Set to Lynyrd Skynyrd’s Freebird, the scene sees Colin Firth weave his gun-toting way through a church full of religious zealots. While the long shot is interrupted by reactions from other characters watching on CCTV, a longer version was originally filmed and intended to be one uninterrupted shot but was deemed “too much” for a cinematic release. The original version is somewhere, and we want to see it.
Hanna: 360 Long Shot
Hanna is a film directed by Joe Wright, following an ex-CIA agent who trains his daughter, the titular Hanna as an assassin from birth, with the intention of killing a CIA higher-up he suspects will come after them. This long take comes when Hanna’s father, Erik (played by Eric Bana) set upon by CIA agents in a subway.
The majority of the shot follows Erik as he makes his way underground, raising the tension as he becomes ever more suspicious of being followed. The actual action comes in a quick, incredibly well choreographed, burst as the camera circles the action, showing it at all angles.
Oldboy: The Hallway Brawl
Never before has a hammer been used so brutally in cinema. Oldboy, directed by Chan-wook Park, likely contains the most visceral and visually enthralling long take on this list. A revenge thriller that is regarded by most as a masterpiece, the choreography, and execution of this scene makes it easy to see why.

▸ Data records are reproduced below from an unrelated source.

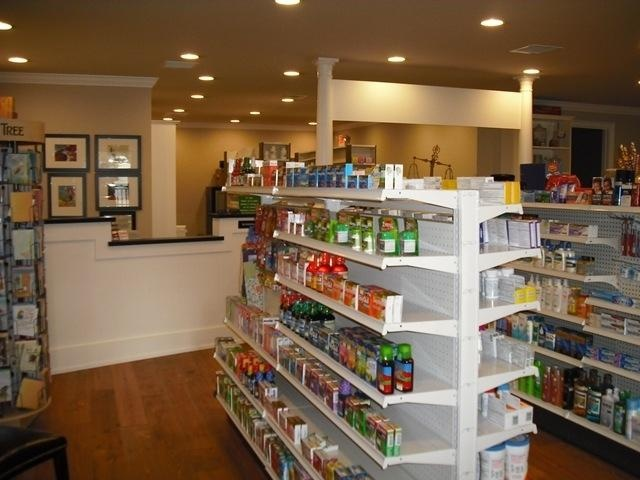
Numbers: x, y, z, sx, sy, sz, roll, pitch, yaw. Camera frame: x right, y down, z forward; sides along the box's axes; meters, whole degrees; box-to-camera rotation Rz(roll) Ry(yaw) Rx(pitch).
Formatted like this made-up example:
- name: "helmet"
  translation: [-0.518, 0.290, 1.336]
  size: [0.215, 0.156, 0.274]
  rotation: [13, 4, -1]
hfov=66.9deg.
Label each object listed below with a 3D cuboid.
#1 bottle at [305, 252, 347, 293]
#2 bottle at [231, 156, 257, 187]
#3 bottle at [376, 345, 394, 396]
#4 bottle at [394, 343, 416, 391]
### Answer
- name: "bottle"
  translation: [0.044, 0.210, 3.060]
  size: [0.093, 0.243, 0.256]
  rotation: [7, -6, -33]
- name: "bottle"
  translation: [-0.703, -0.622, 4.468]
  size: [0.084, 0.207, 0.328]
  rotation: [-1, 8, -26]
- name: "bottle"
  translation: [0.339, 0.674, 2.508]
  size: [0.088, 0.239, 0.076]
  rotation: [2, 8, 9]
- name: "bottle"
  translation: [0.442, 0.668, 2.565]
  size: [0.095, 0.250, 0.132]
  rotation: [2, 8, 7]
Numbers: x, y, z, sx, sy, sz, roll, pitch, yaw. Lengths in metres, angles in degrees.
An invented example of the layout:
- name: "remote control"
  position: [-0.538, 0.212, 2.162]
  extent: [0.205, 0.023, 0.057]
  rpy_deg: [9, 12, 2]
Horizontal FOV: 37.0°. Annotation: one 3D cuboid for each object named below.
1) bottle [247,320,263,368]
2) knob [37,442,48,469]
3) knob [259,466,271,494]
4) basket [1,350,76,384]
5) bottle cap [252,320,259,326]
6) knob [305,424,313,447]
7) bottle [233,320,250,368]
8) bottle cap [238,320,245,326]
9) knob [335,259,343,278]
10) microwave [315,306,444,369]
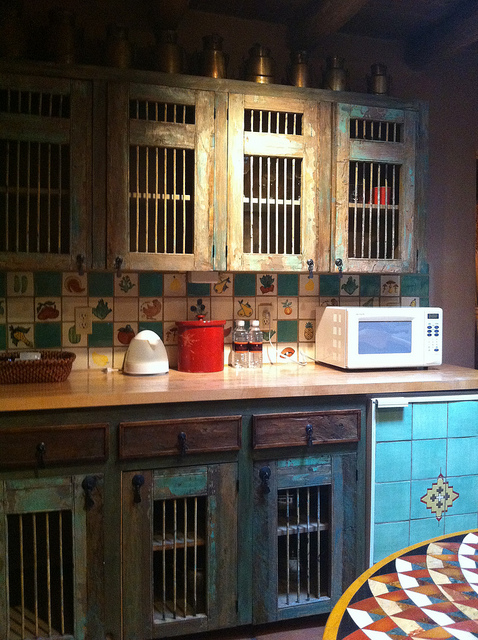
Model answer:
- name: "bottle"
  position: [0.062, 0.095, 2.958]
  extent: [0.066, 0.194, 0.198]
  rpy_deg: [-1, 1, 1]
- name: "knob"
  position: [-0.607, 0.418, 2.193]
  extent: [0.021, 0.063, 0.032]
  rpy_deg: [-1, 1, 26]
- name: "knob"
  position: [0.086, 0.538, 2.408]
  extent: [0.046, 0.091, 0.020]
  rpy_deg: [-2, 1, -24]
- name: "basket"
  position: [-0.735, 0.163, 2.596]
  extent: [0.257, 0.088, 0.327]
  rpy_deg: [-2, 2, -16]
- name: "bottle cap"
  position: [0.061, 0.009, 2.909]
  extent: [0.017, 0.017, 0.018]
  rpy_deg: [7, 9, 42]
- name: "knob"
  position: [0.236, 0.394, 2.444]
  extent: [0.024, 0.072, 0.019]
  rpy_deg: [-1, 1, -8]
- name: "bottle"
  position: [0.004, 0.095, 2.932]
  extent: [0.066, 0.191, 0.185]
  rpy_deg: [-1, 1, 0]
- name: "bottle cap"
  position: [0.006, 0.009, 2.868]
  extent: [0.016, 0.021, 0.019]
  rpy_deg: [0, 7, 1]
- name: "knob"
  position: [0.395, -0.213, 2.853]
  extent: [0.029, 0.061, 0.120]
  rpy_deg: [-1, 1, 9]
- name: "microwave"
  position: [0.565, 0.063, 2.926]
  extent: [0.455, 0.252, 0.394]
  rpy_deg: [-2, 1, -15]

The camera acts as the forth wall of the hallway, tracking alongside the actors as the action moves up to and fro. It’s one man, the titular character, against an entire gang, keeping them at bay with his hammer. It’s as brutal as it sounds, as Oh-Dae Su fights his way through he takes a serious beating in return for giving a few, even getting a knife in the back and fighting on regardless.